What is required:
Show every line below where "Units" appears.

(Source records)

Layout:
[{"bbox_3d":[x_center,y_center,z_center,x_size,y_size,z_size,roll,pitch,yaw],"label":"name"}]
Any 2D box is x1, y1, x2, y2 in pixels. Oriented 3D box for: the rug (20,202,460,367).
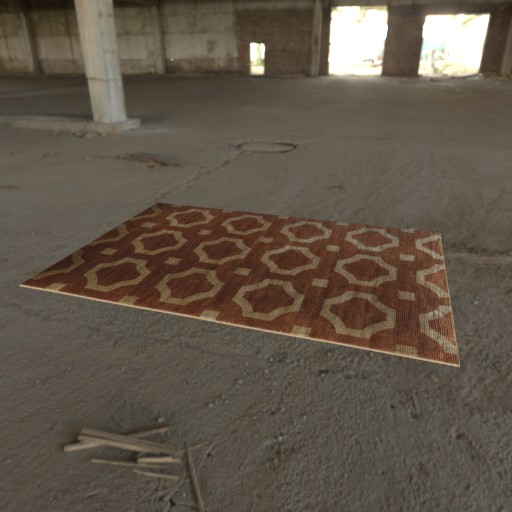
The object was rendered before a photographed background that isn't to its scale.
[{"bbox_3d":[0.000,0.000,2.835,2.286,0.016,1.555,8,26,16],"label":"rug"}]
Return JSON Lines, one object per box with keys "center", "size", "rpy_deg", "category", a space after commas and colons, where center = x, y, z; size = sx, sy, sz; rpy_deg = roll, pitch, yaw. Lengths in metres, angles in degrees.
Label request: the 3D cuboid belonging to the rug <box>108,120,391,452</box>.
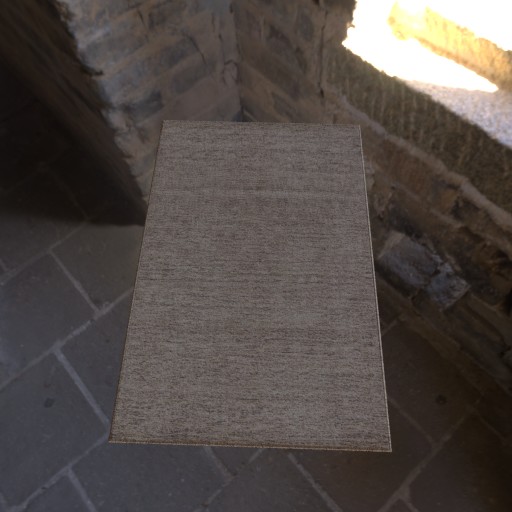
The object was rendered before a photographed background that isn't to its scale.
{"center": [0.000, 0.000, 2.299], "size": [1.211, 0.018, 1.822], "rpy_deg": [2, 63, 1], "category": "rug"}
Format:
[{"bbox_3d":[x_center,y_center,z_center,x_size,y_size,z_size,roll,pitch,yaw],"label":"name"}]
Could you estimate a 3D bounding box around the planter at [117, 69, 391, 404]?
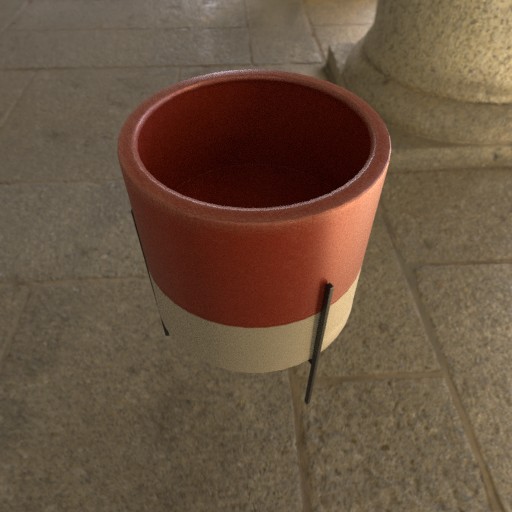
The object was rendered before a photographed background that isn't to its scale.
[{"bbox_3d":[0.000,0.000,0.729,0.345,0.465,0.354,-25,52,-21],"label":"planter"}]
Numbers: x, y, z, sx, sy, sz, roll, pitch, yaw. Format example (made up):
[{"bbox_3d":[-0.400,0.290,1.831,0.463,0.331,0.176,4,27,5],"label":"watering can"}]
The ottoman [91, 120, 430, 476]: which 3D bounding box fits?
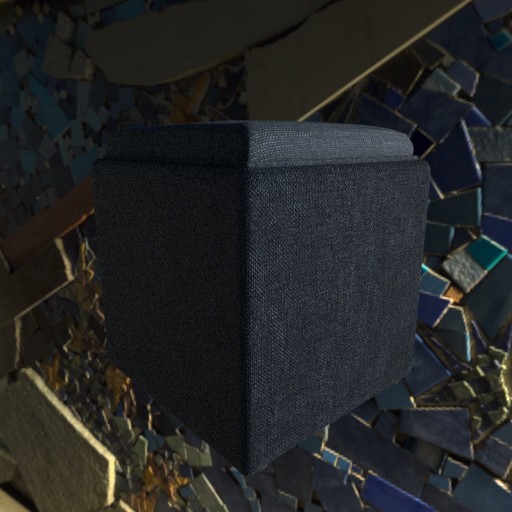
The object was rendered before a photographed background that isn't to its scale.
[{"bbox_3d":[0.000,0.000,0.846,0.436,0.493,0.454,-12,19,-40],"label":"ottoman"}]
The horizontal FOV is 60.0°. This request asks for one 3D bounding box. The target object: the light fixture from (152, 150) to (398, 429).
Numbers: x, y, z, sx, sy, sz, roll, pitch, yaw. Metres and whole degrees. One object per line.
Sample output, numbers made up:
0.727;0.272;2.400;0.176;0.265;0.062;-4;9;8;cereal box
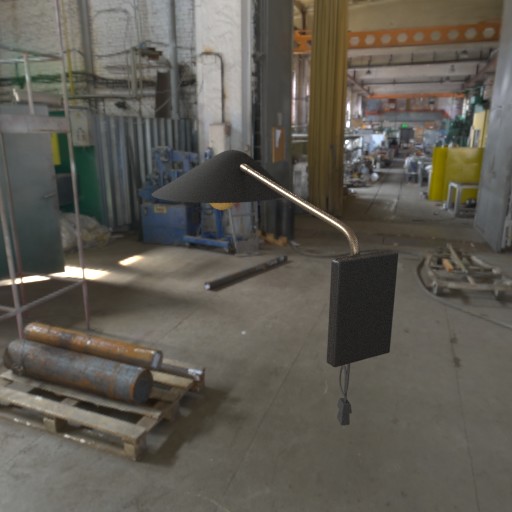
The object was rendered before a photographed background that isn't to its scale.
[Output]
0.000;0.000;0.683;0.240;0.312;0.516;-7;17;-25;light fixture
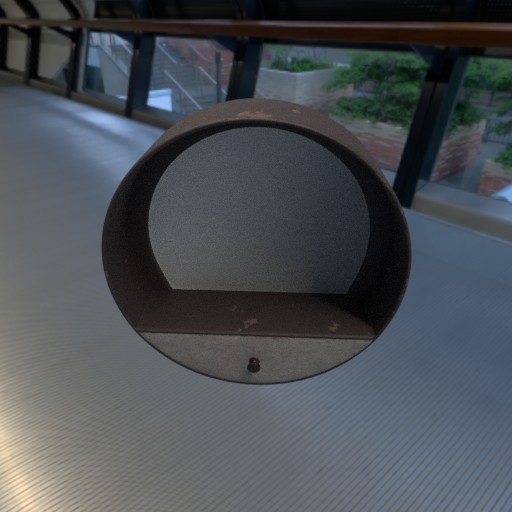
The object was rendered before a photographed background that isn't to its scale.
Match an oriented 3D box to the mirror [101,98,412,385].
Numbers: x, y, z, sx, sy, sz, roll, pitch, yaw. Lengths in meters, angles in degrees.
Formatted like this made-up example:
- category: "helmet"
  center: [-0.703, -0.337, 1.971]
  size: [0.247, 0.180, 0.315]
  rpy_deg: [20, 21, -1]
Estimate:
- category: "mirror"
  center: [0.000, 0.000, 0.596]
  size: [0.386, 0.386, 0.126]
  rpy_deg: [1, 30, 3]
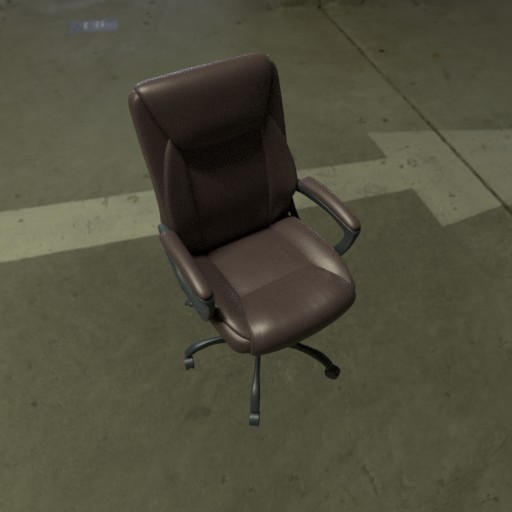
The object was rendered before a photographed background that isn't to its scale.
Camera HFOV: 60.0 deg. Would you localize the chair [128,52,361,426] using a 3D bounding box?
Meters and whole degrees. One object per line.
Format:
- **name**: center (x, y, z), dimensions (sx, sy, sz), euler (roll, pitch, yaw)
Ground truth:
- **chair**: center (0.000, 0.000, 1.476), dimensions (0.615, 1.072, 0.655), euler (-24, 51, -21)
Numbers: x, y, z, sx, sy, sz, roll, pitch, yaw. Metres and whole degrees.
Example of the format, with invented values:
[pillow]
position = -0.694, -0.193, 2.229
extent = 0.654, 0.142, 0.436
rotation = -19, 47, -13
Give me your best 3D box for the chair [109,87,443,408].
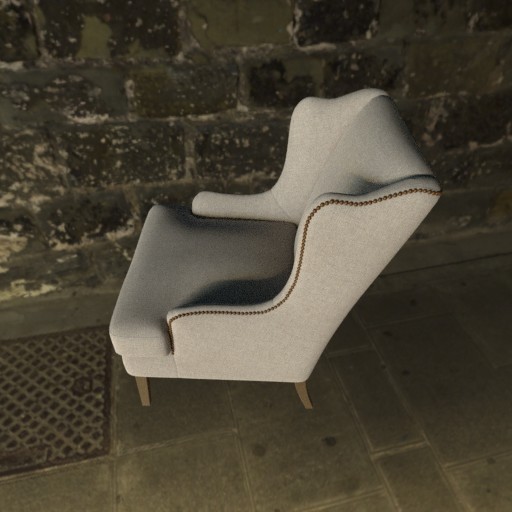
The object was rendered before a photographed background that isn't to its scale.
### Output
[chair]
position = 0.000, 0.000, 1.638
extent = 0.940, 1.029, 0.737
rotation = 1, 41, 1
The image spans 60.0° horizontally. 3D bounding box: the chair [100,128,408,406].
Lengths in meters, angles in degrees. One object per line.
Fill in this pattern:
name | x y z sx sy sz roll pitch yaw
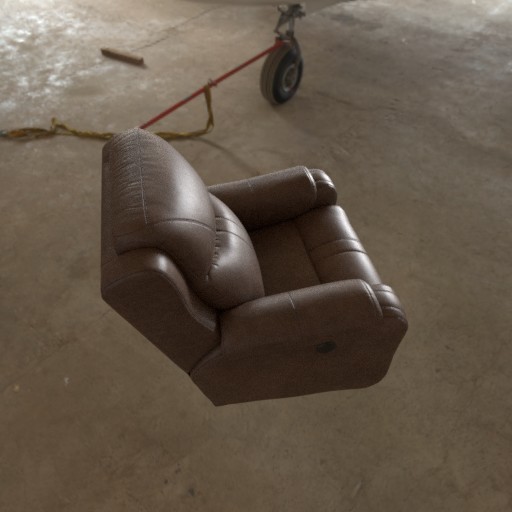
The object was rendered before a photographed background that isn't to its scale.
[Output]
chair | 0.000 0.000 1.820 1.067 0.990 0.940 -10 47 -9
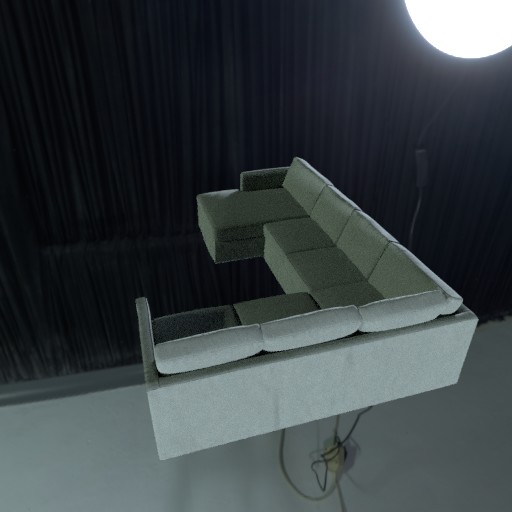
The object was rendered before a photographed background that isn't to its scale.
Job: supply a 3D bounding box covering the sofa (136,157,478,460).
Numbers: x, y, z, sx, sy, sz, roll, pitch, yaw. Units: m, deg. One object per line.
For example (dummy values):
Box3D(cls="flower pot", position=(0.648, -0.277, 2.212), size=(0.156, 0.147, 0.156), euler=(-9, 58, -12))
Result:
Box3D(cls="sofa", position=(0.000, 0.000, 4.497), size=(2.440, 0.869, 3.434), euler=(-9, 32, -14))
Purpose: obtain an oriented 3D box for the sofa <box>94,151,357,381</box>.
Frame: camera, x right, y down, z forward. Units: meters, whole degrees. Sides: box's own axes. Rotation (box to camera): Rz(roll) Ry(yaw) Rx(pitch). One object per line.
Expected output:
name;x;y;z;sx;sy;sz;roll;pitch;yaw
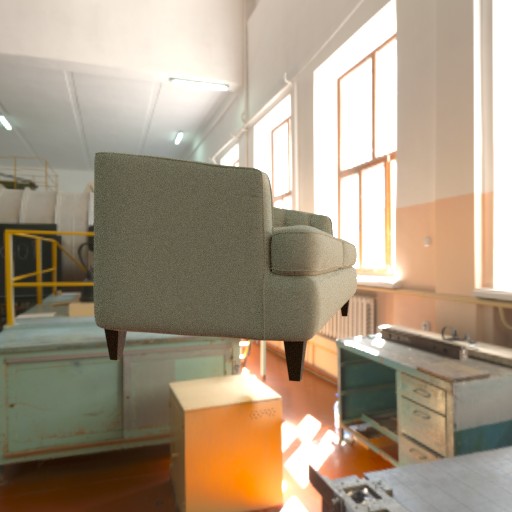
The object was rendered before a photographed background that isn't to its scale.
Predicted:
sofa;0.000;0.000;2.267;0.941;0.855;1.733;0;0;17
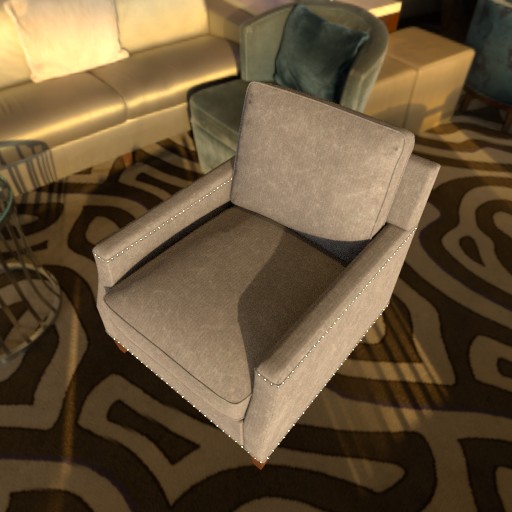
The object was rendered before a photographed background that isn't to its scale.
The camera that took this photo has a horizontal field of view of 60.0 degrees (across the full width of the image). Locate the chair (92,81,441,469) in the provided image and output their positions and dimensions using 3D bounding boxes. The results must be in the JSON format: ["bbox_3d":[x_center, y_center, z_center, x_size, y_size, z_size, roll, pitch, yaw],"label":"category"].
[{"bbox_3d":[0.000,0.000,1.681,0.853,0.948,1.014,30,52,27],"label":"chair"}]

Task result:
Numbers: x, y, z, sx, sy, sz, roll, pitch, yaw. Units: m, deg. One object per line.
Frame: camera, x right, y down, z forward. Units: meters, whole degrees. Sides: box's own axes. Rotation (box to camera): Rz(roll) Ry(yaw) Rx(pitch). One object per line.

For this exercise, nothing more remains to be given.